◆ **WHAT YOU HAVE TO DO**
Set down, word for word, only the lines from the start of the records through the line bearing "An invented example"; include no pictures.

◆ **DATA EXCERPTS**
☆ ☆ ☆ ☆ ☆ ☆ ☆
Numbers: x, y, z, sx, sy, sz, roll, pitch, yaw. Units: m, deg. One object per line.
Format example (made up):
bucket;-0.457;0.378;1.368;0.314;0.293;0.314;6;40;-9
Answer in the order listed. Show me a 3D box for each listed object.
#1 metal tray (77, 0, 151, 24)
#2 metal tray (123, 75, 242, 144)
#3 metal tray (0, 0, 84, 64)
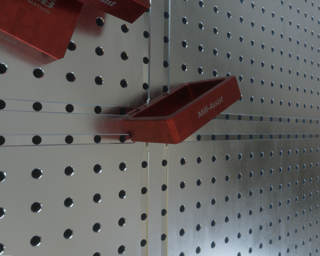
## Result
metal tray;-0.074;-0.168;0.311;0.131;0.030;0.090;6;62;-48
metal tray;0.030;-0.025;0.393;0.131;0.090;0.030;-34;111;-35
metal tray;-0.141;-0.130;0.288;0.131;0.030;0.090;26;74;-37
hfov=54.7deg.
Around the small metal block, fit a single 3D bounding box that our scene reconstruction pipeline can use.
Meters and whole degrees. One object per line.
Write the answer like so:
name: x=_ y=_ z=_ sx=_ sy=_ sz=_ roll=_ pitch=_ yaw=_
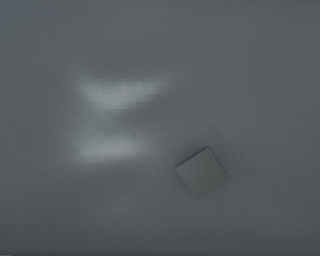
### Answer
small metal block: x=0.056 y=0.059 z=0.412 sx=0.050 sy=0.025 sz=0.050 roll=-33 pitch=90 yaw=0
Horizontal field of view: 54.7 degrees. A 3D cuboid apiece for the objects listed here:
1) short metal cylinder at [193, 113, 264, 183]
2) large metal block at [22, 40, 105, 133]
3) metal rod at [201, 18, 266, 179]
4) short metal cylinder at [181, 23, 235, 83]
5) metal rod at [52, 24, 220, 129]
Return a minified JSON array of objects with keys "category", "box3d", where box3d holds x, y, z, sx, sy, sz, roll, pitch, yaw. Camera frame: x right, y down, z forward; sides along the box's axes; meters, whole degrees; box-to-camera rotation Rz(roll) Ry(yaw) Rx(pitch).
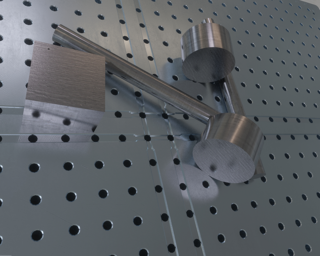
[{"category":"short metal cylinder","box3d":[0.090,0.027,0.405,0.080,0.080,0.050,37,51,-4]},{"category":"large metal block","box3d":[-0.110,-0.046,0.361,0.081,0.050,0.080,9,58,-24]},{"category":"metal rod","box3d":[0.113,-0.063,0.507,0.025,0.025,0.299,4,60,-27]},{"category":"short metal cylinder","box3d":[0.073,-0.115,0.483,0.081,0.080,0.050,12,57,-22]},{"category":"metal rod","box3d":[-0.004,-0.056,0.427,0.301,0.025,0.025,28,52,-6]}]
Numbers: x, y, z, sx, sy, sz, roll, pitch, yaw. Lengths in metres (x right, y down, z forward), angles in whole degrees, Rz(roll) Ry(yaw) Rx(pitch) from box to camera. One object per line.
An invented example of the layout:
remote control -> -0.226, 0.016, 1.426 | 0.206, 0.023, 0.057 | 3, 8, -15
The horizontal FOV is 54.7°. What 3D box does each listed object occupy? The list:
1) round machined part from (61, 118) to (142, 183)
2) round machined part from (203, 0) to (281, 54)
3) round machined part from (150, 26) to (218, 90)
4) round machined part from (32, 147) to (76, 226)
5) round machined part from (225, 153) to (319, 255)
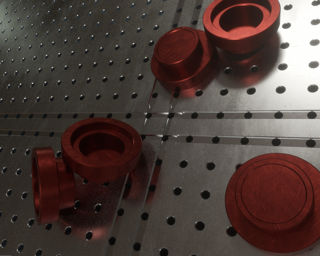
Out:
round machined part -> -0.074, 0.031, 0.394 | 0.099, 0.042, 0.098 | 7, 36, -5
round machined part -> 0.110, -0.139, 0.419 | 0.098, 0.042, 0.098 | -9, 56, 13
round machined part -> 0.030, -0.106, 0.445 | 0.098, 0.042, 0.098 | -13, 56, 20
round machined part -> -0.138, 0.072, 0.402 | 0.098, 0.042, 0.097 | 11, 102, 62
round machined part -> 0.111, 0.068, 0.297 | 0.098, 0.042, 0.098 | -13, 56, 20
☆ ☆ ☆ ☆ ☆ ☆ ☆
◆ **EXPECTED ANSWER**
Numbers: x, y, z, sx, sy, sz, roll, pitch, yaw. Units: m, deg. One object per line.
Format example (made up):
bucket;-0.457;0.378;1.368;0.314;0.293;0.314;6;40;-9
Answer in the order listed. Show me a 3D box for each listed object.
#1 metal tray (77, 0, 151, 24)
#2 metal tray (123, 75, 242, 144)
#3 metal tray (0, 0, 84, 64)
## Result
metal tray;-0.074;-0.168;0.311;0.131;0.030;0.090;6;62;-48
metal tray;0.030;-0.025;0.393;0.131;0.090;0.030;-34;111;-35
metal tray;-0.141;-0.130;0.288;0.131;0.030;0.090;26;74;-37
hfov=54.7deg.
Around the small metal block, fit a single 3D bounding box that our scene reconstruction pipeline can use.
Meters and whole degrees. One object per line.
Write the answer like so:
name: x=_ y=_ z=_ sx=_ sy=_ sz=_ roll=_ pitch=_ yaw=_
### Answer
small metal block: x=0.056 y=0.059 z=0.412 sx=0.050 sy=0.025 sz=0.050 roll=-33 pitch=90 yaw=0
Horizontal field of view: 54.7 degrees. A 3D cuboid apiece for the objects listed here:
1) short metal cylinder at [193, 113, 264, 183]
2) large metal block at [22, 40, 105, 133]
3) metal rod at [201, 18, 266, 179]
4) short metal cylinder at [181, 23, 235, 83]
5) metal rod at [52, 24, 220, 129]
Return a minified JSON array of objects with keys "category", "box3d", where box3d holds x, y, z, sx, sy, sz, roll, pitch, yaw. Camera frame: x right, y down, z forward; sides along the box's axes; meters, whole degrees; box-to-camera rotation Rz(roll) Ry(yaw) Rx(pitch).
[{"category":"short metal cylinder","box3d":[0.090,0.027,0.405,0.080,0.080,0.050,37,51,-4]},{"category":"large metal block","box3d":[-0.110,-0.046,0.361,0.081,0.050,0.080,9,58,-24]},{"category":"metal rod","box3d":[0.113,-0.063,0.507,0.025,0.025,0.299,4,60,-27]},{"category":"short metal cylinder","box3d":[0.073,-0.115,0.483,0.081,0.080,0.050,12,57,-22]},{"category":"metal rod","box3d":[-0.004,-0.056,0.427,0.301,0.025,0.025,28,52,-6]}]
Numbers: x, y, z, sx, sy, sz, roll, pitch, yaw. Lengths in metres (x right, y down, z forward), angles in whole degrees, Rz(roll) Ry(yaw) Rx(pitch) from box to camera. One object per line.
An invented example of the layout:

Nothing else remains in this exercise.